Many years ago, I had read a line in an episode of the BBC series Yes Prime Minister : Politicians are paranoiac. Higher the political office, higher the degree of paranoia.
This is what Prime Minister Modi is experiencing. He is seeing conspiracies where probably none exist. When he says “…conspiracies were being hatched to destabilise his government” he just
comes across as petulant and naïve. Petulant he may be, naïve he is not. What did he really expect? That the opposing political parties would abandon their opposition and work tirelessly to support him? Just like he spent his life in supporting the policies of the UPA government?
- The sad truth is that the Prime Minister is realising that running the government in India is not as easy as coining slogans and electioneering. Actually even the electioneering has gone a bit awry in recent times. Acche din (the good days) that he promised and which the country expects him to deliver on, don’t seem to be coming.
The economy is not growing as fast as he would like it to; even massaging the numbers has not helped to show higher growth. After all some of the indices like foreign exchange rates (which he has boasted would come to INR 40 to a US $) are going further south. Ease of doing business ratings have not improved significantly, 4 ranks over one year. There is inflation and there is no evidence of increased jobs being created or the economy showing revival prospects.
- His allies and friends are not helping. Stupid statements, ham handed actions by lunatics in his party and allies, are just detracting from his ‘development agenda politics’ and he has proven to be unequal to the task of reigning them in, either by commission or omission. With friends like Rajnath Singh, Smriti Irani, the assorted sadhvis and gurus – who needs enemies?
- Ham handed actions and over the top reactions to matters that should never have been allowed to fester are not helping. Think FTII. Think JNU. Think Dadri. Think Haramzade. A stern word from the powerful PM at the right time would have done wonders. He stayed silent, so unbelievable for a man otherwise so eloquent.
All in all the Prime Minister is in the danger of losing the plot. All the gains he is making on the world stage are going to matter little if he loses confidence of the people in India. This is his karmabhoomi not the Wembley Stadium. When this happens, he has to find scapegoats. For some strange reason he is unable to take his own partymen and allies to task. So he lashes out at NGOs. (I am not even going to bother talking about the ‘black marketeers’ he referred to. Black-marketeers are no friends of any government. They are unnamed and easy to blame. No one can really defend them.)
Who are these NGOs that he is lashing out against? Those
- that are standing between his friends in the corporate sector destroying the lives of tribals in search of mineral wealth.
- that are opposing ‘development at any cost’
- whose ideologies are opposed to his.
He says that all he asked was for more accountability.

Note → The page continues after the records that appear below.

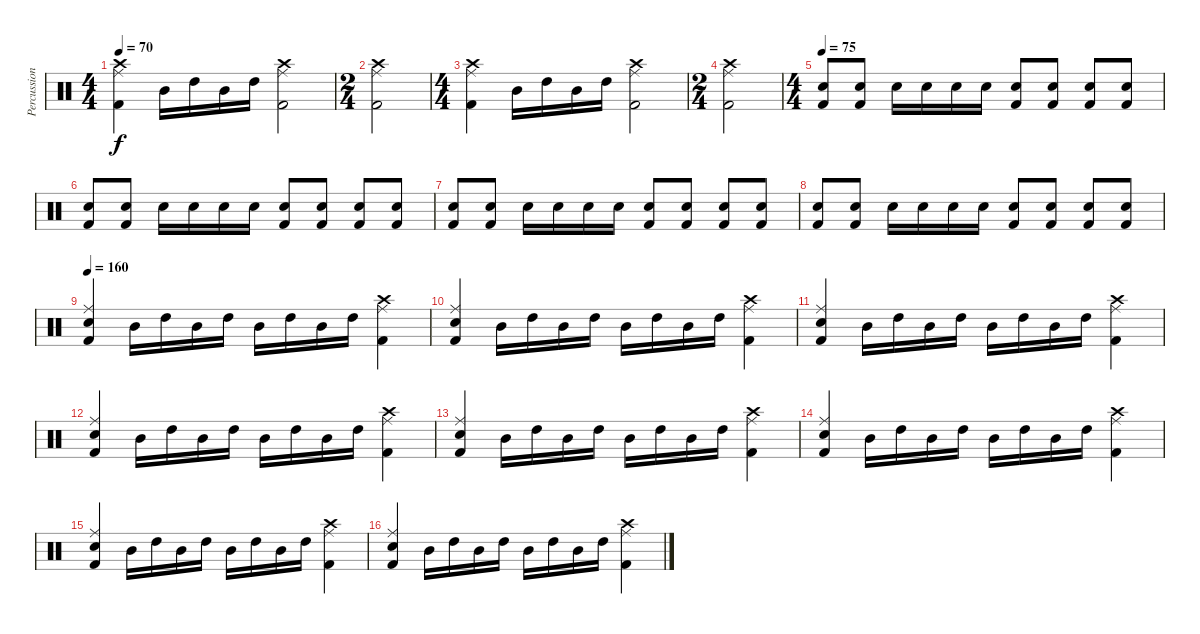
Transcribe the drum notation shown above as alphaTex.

\track ("Percussion" "Percussion") {instrument percussion}
\staff {score}
\articulation defaults
\ts (4 4)
\tempo 70
\clef neutral
\ks c
("Kick (hit) 2" "Ride (middle)" "Crash high (hit)").4{dy f} "Mid Tom (hit)".16 "High Tom (hit)".16 "Mid Tom (hit)".16 "High Tom (hit)".16 ("Kick (hit) 2" "Crash high (hit)" "Ride (middle)").2 |
\ts (2 4)
("Kick (hit) 2" "Ride (middle)" "Crash high (hit)").2 |
\ts (4 4)
("Kick (hit) 2" "Ride (middle)" "Crash high (hit)").4 "Mid Tom (hit)".16 "High Tom (hit)".16 "Mid Tom (hit)".16 "High Tom (hit)".16 ("Kick (hit) 2" "Crash high (hit)" "Ride (middle)").2 |
\ts (2 4)
("Kick (hit) 2" "Ride (middle)" "Crash high (hit)").2 |
\ts (4 4)
\tempo 75
("Electric Snare (hit)" "Kick (hit) 2").8 ("Electric Snare (hit)" "Kick (hit) 2").8 "Electric Snare (hit)".16 "Electric Snare (hit)".16 "Electric Snare (hit)".16 "Electric Snare (hit)".16 ("Electric Snare (hit)" "Kick (hit) 2").8 ("Electric Snare (hit)" "Kick (hit) 2").8 ("Electric Snare (hit)" "Kick (hit) 2").8 ("Electric Snare (hit)" "Kick (hit) 2").8 |
("Electric Snare (hit)" "Kick (hit) 2").8 ("Electric Snare (hit)" "Kick (hit) 2").8 "Electric Snare (hit)".16 "Electric Snare (hit)".16 "Electric Snare (hit)".16 "Electric Snare (hit)".16 ("Electric Snare (hit)" "Kick (hit) 2").8 ("Electric Snare (hit)" "Kick (hit) 2").8 ("Electric Snare (hit)" "Kick (hit) 2").8 ("Electric Snare (hit)" "Kick (hit) 2").8 |
("Electric Snare (hit)" "Kick (hit) 2").8 ("Electric Snare (hit)" "Kick (hit) 2").8 "Electric Snare (hit)".16 "Electric Snare (hit)".16 "Electric Snare (hit)".16 "Electric Snare (hit)".16 ("Electric Snare (hit)" "Kick (hit) 2").8 ("Electric Snare (hit)" "Kick (hit) 2").8 ("Electric Snare (hit)" "Kick (hit) 2").8 ("Electric Snare (hit)" "Kick (hit) 2").8 |
("Electric Snare (hit)" "Kick (hit) 2").8 ("Electric Snare (hit)" "Kick (hit) 2").8 "Electric Snare (hit)".16 "Electric Snare (hit)".16 "Electric Snare (hit)".16 "Electric Snare (hit)".16 ("Electric Snare (hit)" "Kick (hit) 2").8 ("Electric Snare (hit)" "Kick (hit) 2").8 ("Electric Snare (hit)" "Kick (hit) 2").8 ("Electric Snare (hit)" "Kick (hit) 2").8 |
\tempo 160
("Ride (middle)" "Electric Snare (hit)" "Kick (hit) 2").4 "Mid Tom (hit)".16 "High Tom (hit)".16 "Mid Tom (hit)".16 "High Tom (hit)".16 "Mid Tom (hit)".16 "High Tom (hit)".16 "Mid Tom (hit)".16 "High Tom (hit)".16 ("Ride (middle)" "Crash high (hit)" "Kick (hit) 2").4 |
("Ride (middle)" "Electric Snare (hit)" "Kick (hit) 2").4 "Mid Tom (hit)".16 "High Tom (hit)".16 "Mid Tom (hit)".16 "High Tom (hit)".16 "Mid Tom (hit)".16 "High Tom (hit)".16 "Mid Tom (hit)".16 "High Tom (hit)".16 ("Ride (middle)" "Crash high (hit)" "Kick (hit) 2").4 |
("Ride (middle)" "Electric Snare (hit)" "Kick (hit) 2").4 "Mid Tom (hit)".16 "High Tom (hit)".16 "Mid Tom (hit)".16 "High Tom (hit)".16 "Mid Tom (hit)".16 "High Tom (hit)".16 "Mid Tom (hit)".16 "High Tom (hit)".16 ("Ride (middle)" "Crash high (hit)" "Kick (hit) 2").4 |
("Ride (middle)" "Electric Snare (hit)" "Kick (hit) 2").4 "Mid Tom (hit)".16 "High Tom (hit)".16 "Mid Tom (hit)".16 "High Tom (hit)".16 "Mid Tom (hit)".16 "High Tom (hit)".16 "Mid Tom (hit)".16 "High Tom (hit)".16 ("Ride (middle)" "Crash high (hit)" "Kick (hit) 2").4 |
("Ride (middle)" "Electric Snare (hit)" "Kick (hit) 2").4 "Mid Tom (hit)".16 "High Tom (hit)".16 "Mid Tom (hit)".16 "High Tom (hit)".16 "Mid Tom (hit)".16 "High Tom (hit)".16 "Mid Tom (hit)".16 "High Tom (hit)".16 ("Ride (middle)" "Crash high (hit)" "Kick (hit) 2").4 |
("Ride (middle)" "Electric Snare (hit)" "Kick (hit) 2").4 "Mid Tom (hit)".16 "High Tom (hit)".16 "Mid Tom (hit)".16 "High Tom (hit)".16 "Mid Tom (hit)".16 "High Tom (hit)".16 "Mid Tom (hit)".16 "High Tom (hit)".16 ("Ride (middle)" "Crash high (hit)" "Kick (hit) 2").4 |
("Ride (middle)" "Electric Snare (hit)" "Kick (hit) 2").4 "Mid Tom (hit)".16 "High Tom (hit)".16 "Mid Tom (hit)".16 "High Tom (hit)".16 "Mid Tom (hit)".16 "High Tom (hit)".16 "Mid Tom (hit)".16 "High Tom (hit)".16 ("Ride (middle)" "Crash high (hit)" "Kick (hit) 2").4 |
("Ride (middle)" "Electric Snare (hit)" "Kick (hit) 2").4 "Mid Tom (hit)".16 "High Tom (hit)".16 "Mid Tom (hit)".16 "High Tom (hit)".16 "Mid Tom (hit)".16 "High Tom (hit)".16 "Mid Tom (hit)".16 "High Tom (hit)".16 ("Ride (middle)" "Crash high (hit)" "Kick (hit) 2").4
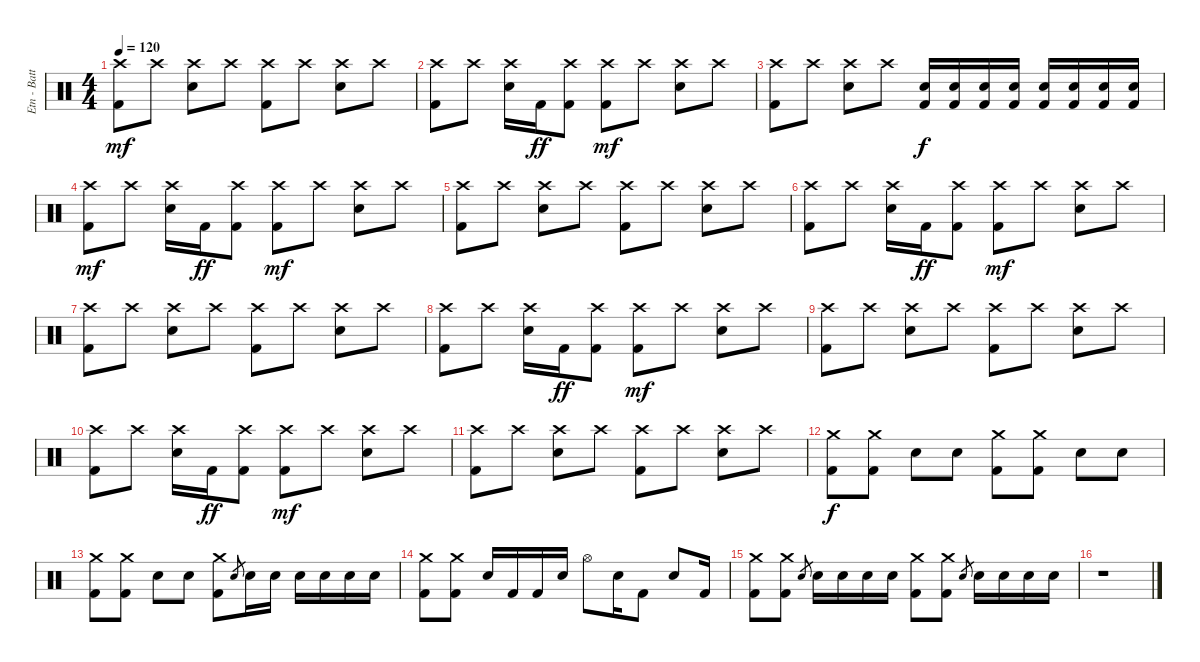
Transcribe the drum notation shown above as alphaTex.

\track ("Etn - Batterie" "Etn - Batt") {instrument percussion}
\staff {score}
\articulation defaults
\ts (4 4)
\tempo 120
\clef neutral
\ks c
("Crash high (hit)" "Kick (hit) 2").8{dy mf} "Crash high (hit)".8 ("Crash high (hit)" "Electric Snare (hit)").8 "Crash high (hit)".8 ("Crash high (hit)" "Kick (hit) 2").8 "Crash high (hit)".8 ("Crash high (hit)" "Electric Snare (hit)").8 "Crash high (hit)".8 |
("Crash high (hit)" "Kick (hit) 2").8 "Crash high (hit)".8 ("Crash high (hit)" "Electric Snare (hit)").16 "Kick (hit) 2".16{dy ff} ("Crash high (hit)" "Kick (hit) 2").8 ("Crash high (hit)" "Kick (hit) 2").8{dy mf} "Crash high (hit)".8 ("Crash high (hit)" "Electric Snare (hit)").8 "Crash high (hit)".8 |
("Crash high (hit)" "Kick (hit) 2").8 "Crash high (hit)".8 ("Crash high (hit)" "Electric Snare (hit)").8 "Crash high (hit)".8 ("Electric Snare (hit)" "Kick (hit) 2").16{dy f} ("Electric Snare (hit)" "Kick (hit) 2").16 ("Electric Snare (hit)" "Kick (hit) 2").16 ("Electric Snare (hit)" "Kick (hit) 2").16 ("Electric Snare (hit)" "Kick (hit) 2").16 ("Electric Snare (hit)" "Kick (hit) 2").16 ("Electric Snare (hit)" "Kick (hit) 2").16 ("Electric Snare (hit)" "Kick (hit) 2").16 |
("Crash high (hit)" "Kick (hit) 2").8{dy mf} "Crash high (hit)".8 ("Crash high (hit)" "Electric Snare (hit)").16 "Kick (hit) 2".16{dy ff} ("Crash high (hit)" "Kick (hit) 2").8 ("Crash high (hit)" "Kick (hit) 2").8{dy mf} "Crash high (hit)".8 ("Crash high (hit)" "Electric Snare (hit)").8 "Crash high (hit)".8 |
("Crash high (hit)" "Kick (hit) 2").8 "Crash high (hit)".8 ("Crash high (hit)" "Electric Snare (hit)").8 "Crash high (hit)".8 ("Crash high (hit)" "Kick (hit) 2").8 "Crash high (hit)".8 ("Crash high (hit)" "Electric Snare (hit)").8 "Crash high (hit)".8 |
("Crash high (hit)" "Kick (hit) 2").8 "Crash high (hit)".8 ("Crash high (hit)" "Electric Snare (hit)").16 "Kick (hit) 2".16{dy ff} ("Crash high (hit)" "Kick (hit) 2").8 ("Crash high (hit)" "Kick (hit) 2").8{dy mf} "Crash high (hit)".8 ("Crash high (hit)" "Electric Snare (hit)").8 "Crash high (hit)".8 |
("Crash high (hit)" "Kick (hit) 2").8 "Crash high (hit)".8 ("Crash high (hit)" "Electric Snare (hit)").8 "Crash high (hit)".8 ("Crash high (hit)" "Kick (hit) 2").8 "Crash high (hit)".8 ("Crash high (hit)" "Electric Snare (hit)").8 "Crash high (hit)".8 |
("Crash high (hit)" "Kick (hit) 2").8 "Crash high (hit)".8 ("Crash high (hit)" "Electric Snare (hit)").16 "Kick (hit) 2".16{dy ff} ("Crash high (hit)" "Kick (hit) 2").8 ("Crash high (hit)" "Kick (hit) 2").8{dy mf} "Crash high (hit)".8 ("Crash high (hit)" "Electric Snare (hit)").8 "Crash high (hit)".8 |
("Crash high (hit)" "Kick (hit) 2").8 "Crash high (hit)".8 ("Crash high (hit)" "Electric Snare (hit)").8 "Crash high (hit)".8 ("Crash high (hit)" "Kick (hit) 2").8 "Crash high (hit)".8 ("Crash high (hit)" "Electric Snare (hit)").8 "Crash high (hit)".8 |
("Crash high (hit)" "Kick (hit) 2").8 "Crash high (hit)".8 ("Crash high (hit)" "Electric Snare (hit)").16 "Kick (hit) 2".16{dy ff} ("Crash high (hit)" "Kick (hit) 2").8 ("Crash high (hit)" "Kick (hit) 2").8{dy mf} "Crash high (hit)".8 ("Crash high (hit)" "Electric Snare (hit)").8 "Crash high (hit)".8 |
("Crash high (hit)" "Kick (hit) 2").8 "Crash high (hit)".8 ("Crash high (hit)" "Electric Snare (hit)").8 "Crash high (hit)".8 ("Crash high (hit)" "Kick (hit) 2").8 "Crash high (hit)".8 ("Crash high (hit)" "Electric Snare (hit)").8 "Crash high (hit)".8 |
("Crash medium (hit)" "Kick (hit) 2").8{dy f} ("Crash medium (hit)" "Kick (hit) 2").8 "Electric Snare (hit)".8 "Electric Snare (hit)".8 ("Crash medium (hit)" "Kick (hit) 2").8 ("Crash medium (hit)" "Kick (hit) 2").8 "Electric Snare (hit)".8 "Electric Snare (hit)".8 |
("Crash medium (hit)" "Kick (hit) 2").8 ("Crash medium (hit)" "Kick (hit) 2").8 "Electric Snare (hit)".8 "Electric Snare (hit)".8 ("Crash medium (hit)" "Kick (hit) 2").8 "Electric Snare (hit)".8{gr} "Electric Snare (hit)".16 "Electric Snare (hit)".16 "Electric Snare (hit)".16 "Electric Snare (hit)".16 "Electric Snare (hit)".16 "Electric Snare (hit)".16 |
("Crash medium (hit)" "Kick (hit) 2").8 ("Crash medium (hit)" "Kick (hit) 2").8 "Electric Snare (hit)".16 "Kick (hit) 2".16 "Kick (hit) 2".16 "Electric Snare (hit)".16 "Hi-Hat (open)".8 "Electric Snare (hit)".16 "Kick (hit) 2".8 "Electric Snare (hit)".8 "Kick (hit) 2".16 |
("Crash medium (hit)" "Kick (hit) 2").8 ("Crash medium (hit)" "Kick (hit) 2").8 "Electric Snare (hit)".8{gr} "Electric Snare (hit)".16 "Electric Snare (hit)".16 "Electric Snare (hit)".16 "Electric Snare (hit)".16 ("Crash medium (hit)" "Kick (hit) 2").8 ("Crash medium (hit)" "Kick (hit) 2").8 "Electric Snare (hit)".8{gr} "Electric Snare (hit)".16 "Electric Snare (hit)".16 "Electric Snare (hit)".16 "Electric Snare (hit)".16 |
r.1
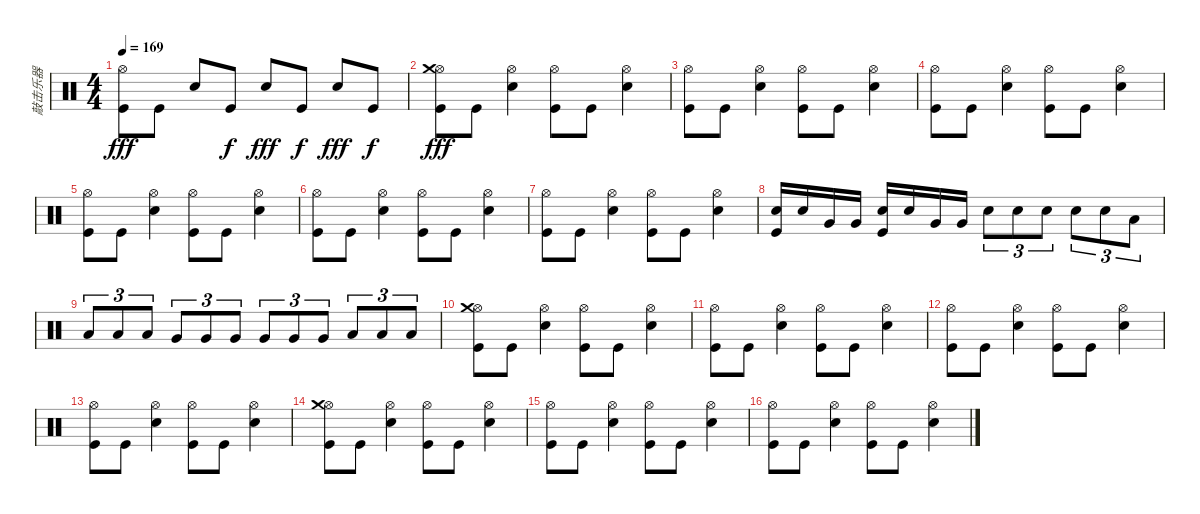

Sure. That is good and essential. But does the PM really think that there are no accountability mechanisms for NGOs? Anyone working with and in NGOs will tell you that the number of documents that the NGOs have to file to account for every penny they receive are enough to destroy a few hectares of forest. The Foreign Contribution Regulation Act, 1976 and subsequent amendments were brought in precisely to control NGOs and they work. The Act works. Every penny coming into the country is accounted for. Of course there are corrupt officials & NGOs who manage to find their way round this accountability. Those are exceptions, not the rule. I am sure that there are many fraudulent agencies just out there to make a fast buck. Just as there are fraudulent agencies in all walks of life – not strange since those running these come from society and mirror the society.
No. The Prime Minister, blaming NGOs like Green Peace India and Ford Foundation will not wash. They are not powerful enough to block a truly powerful government in a large country like India. They can, at best, be voices of conscience raising issues that the PM may not like to hear.
The fact is that the PM is now finding the going to be anything but easy and he is now fully realising that delivering on poll slogans is well nigh impossible in the timeframe that has been mentioned in those same polls. So he is desperately trying to find scapegoats who enable him to deliver a good soundbite but matter not the least when it comes to finding solutions.
To conclude, when someone wants to get over an addiction, the first step is to accept that there is a problem. May be the PM also needs to accept that there is a problem with his allies, his party men, the lunatic fringe that he has failed to control. That there is a problem in the way in which his administration has over-reacted / stayed silent. Accept that and only then change can happen. There is still time to the 2019 elections and those too can be won on the continued development plank. If only he wants to.